Overview

This milestone report explains exploratory analysis and outlines further steps that will be followed in order to create a “next word” prediction algorithm. The prediction algorithm will be based on English language sentences contained in Corpora dataset. The dataset is collected from publicly available sources by a web crawler. So far, this report reports summaries of the dataset, reports interesing findings and creates plans for a prediction algorithm.

Exploratory analysis

First, it is important to have a look at the structure of the available datasets. Here are samples from the three datasets containing twitter, news, and blog sentences:

## [1] "In the years thereafter, most of the Oil fields and platforms were named after pagan “gods”."
## [1] "He wasn't home alone, apparently."
## [1] "How are you? Btw thanks for the RT. You gonna be in DC anytime soon? Love to see you. Been way, way too long."

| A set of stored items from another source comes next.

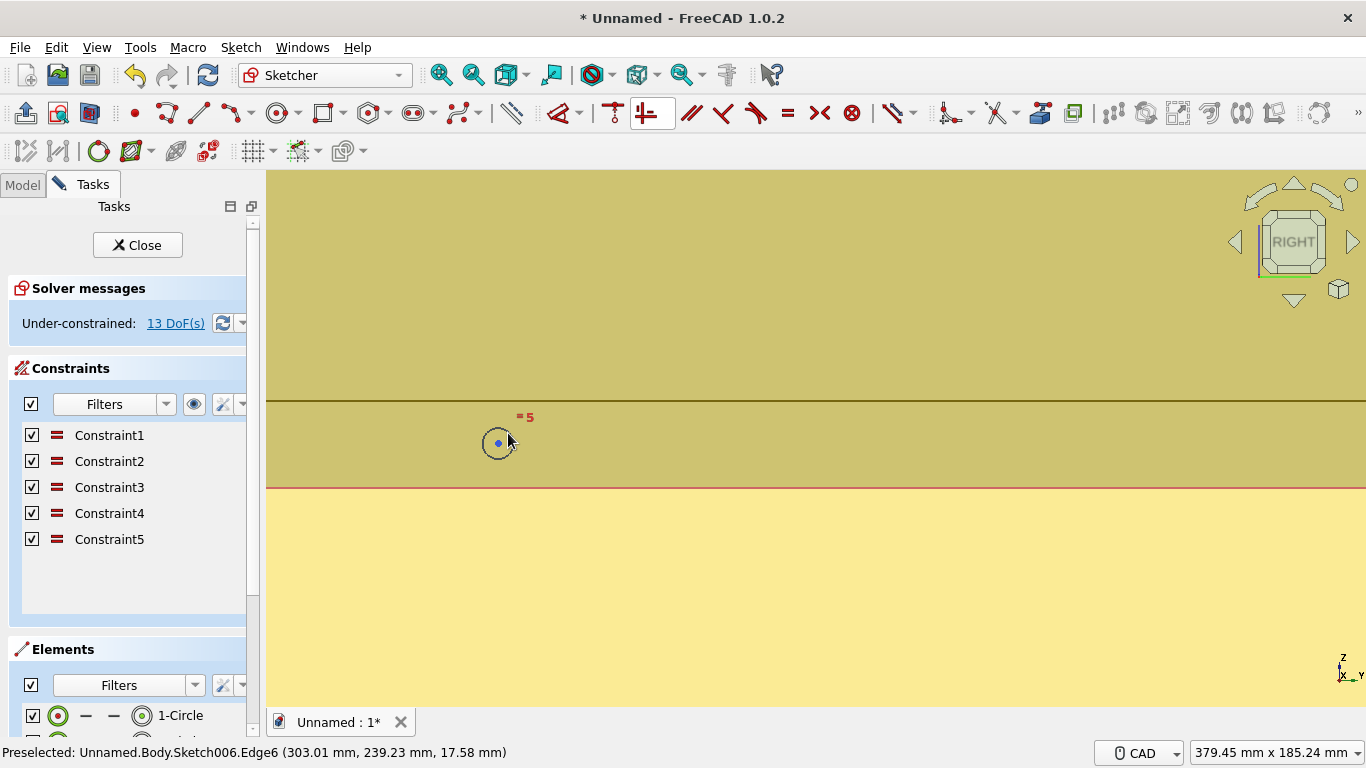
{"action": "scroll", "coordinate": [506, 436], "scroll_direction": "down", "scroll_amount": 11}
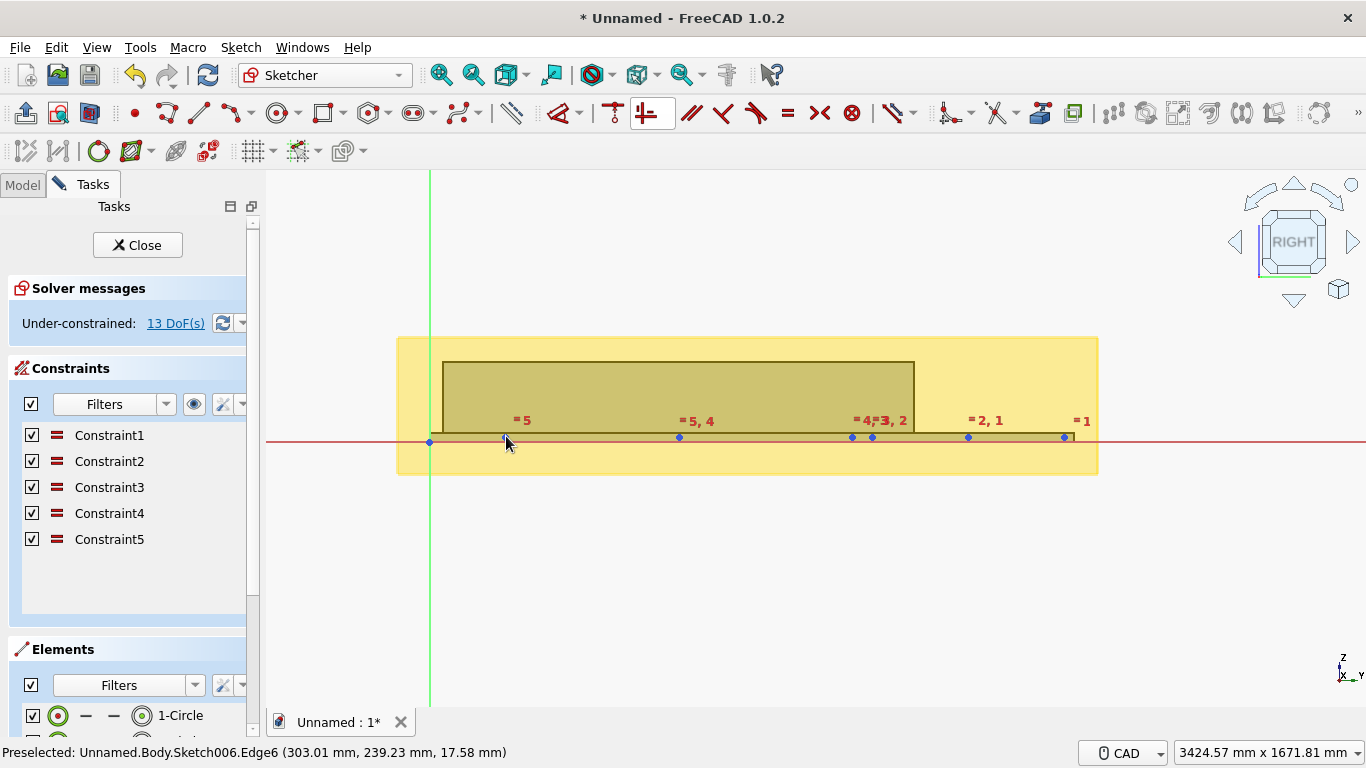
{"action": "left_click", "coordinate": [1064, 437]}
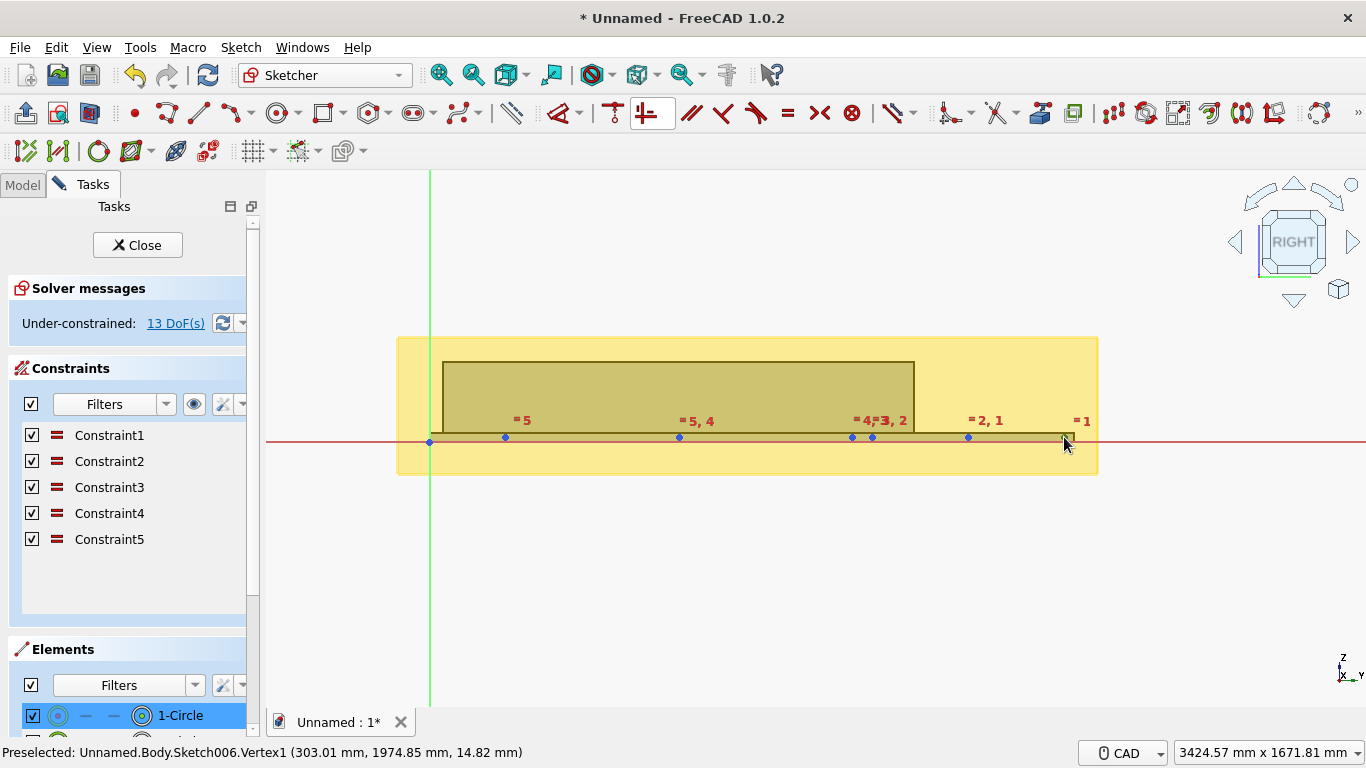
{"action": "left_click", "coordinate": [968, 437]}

Dataset Descriptive Statistics

Next we can create simple statistics for each of the datasets (blogs, news, twitter) that shows number of samples/lines in the dataset, and average number of words in each sample:

library(stringi)

## Count lines in sources
nBlogLines <- length(blogs)
nNewsLines <- length(news)
nTwitterLines <- length(twitter)
nTotalLines <- nBlogLines + nNewsLines + nTwitterLines

blogsWords <- sum(stri_count_words(blogs))
newsWords <- sum(stri_count_words(news))
twitterWords <- sum(stri_count_words(twitter))
totalWords <- blogsWords + newsWords + twitterWords

## Summarize sources
sourceLines <- c(nBlogLines, nNewsLines, nTwitterLines, nTotalLines)
sourceWords <- c(blogsWords, newsWords, twitterWords, totalWords)
sourceWordsPerLine <- c(blogsWords/nBlogLines,
                        newsWords/nNewsLines,
                        twitterWords/nTwitterLines,
                        totalWords/nTotalLines
)
sourceSummary <- data.frame(sourceLines, sourceWords, sourceWordsPerLine)
rownames(sourceSummary) <- c("Blogs", "News", "Twitter", "Total")
colnames(sourceSummary) <- c("Number of lines", "Number of words", "Average number of words per line")
sourceSummary

Data Cleaning

In natural laguage processing it is common practice to clean up the data (e.g. removing numbers, punctuations, convering all characters to lower case, removing stop words, etc) before using them to build the model. Cleaning the data helps in improving model performance. Hence, the numbers stopwords, punctionations and whitespaces have been removed from the text data using following code:

library(dplyr)
library(tm)
library(tidytext)

library(tm)
library(wordcloud)

toSpace <- content_transformer(function (x, pattern) gsub(pattern, " ", x))

text_transformer <- function(text_corpus) {
    text_corpus <- tm_map(text_corpus, toSpace, "[[:punct:]]")
    text_corpus <- tm_map(text_corpus, content_transformer(tolower))
    text_corpus <- tm_map(text_corpus, removeNumbers)
    text_corpus <- tm_map(text_corpus, removeWords, stopwords("english"))
    text_corpus <- tm_map(text_corpus, removeWords, c("rt"))
    text_corpus <- tm_map(text_corpus, stripWhitespace)
    text_corpus
}

twit_c_t <- text_transformer(Corpus(VectorSource(twitter)))
blogs_c_t <- text_transformer(Corpus(VectorSource(blogs)))
news_c_t <- text_transformer(Corpus(VectorSource(news)))

N-grams and word clouds

N-grams is a contiguous sequence of n items from a given sample of text. N-gram of size 1 is refered as unigram, size 2 is a bigram and size 3 as a trigram. N-grams can be nicely visualized using “word cloud” method where the importance of each n-gram in text is shown with font size or color. Bigger n-grams mean greater more frequent occurance in the text. This is shown below for unigrams constructed for all three datasets:

library(tm)
library(wordcloud)

wordcloud(words = twit_c_t, min.freq = 1,
    max.words=100, random.order=FALSE, rot.per=0.35,
    colors=brewer.pal(8, "Dark2"))

wordcloud(words = blogs_c_t, min.freq = 1,
    max.words=100, random.order=FALSE, rot.per=0.35,
    colors=brewer.pal(8, "Dark2"))

wordcloud(words = news_c_t, min.freq=1,
    max.words=100, random.order=FALSE, rot.per=0.35,
    colors=brewer.pal(8, "Dark2"))

Next steps towards model building

N-grams can be used to construct a probabilistic language model for predicting the next item in a sequence of words. Such model can be expressed in the form of a (\(n\)- 1)-order Markov model. However, one needs to be careful in chosing number n, because n-gram statistics suffers from sparseness in text as n-grows. Therefore, it is necessary to use smoothing methods against sparseness such as adding \(\lambda\) method or Good-Turning method.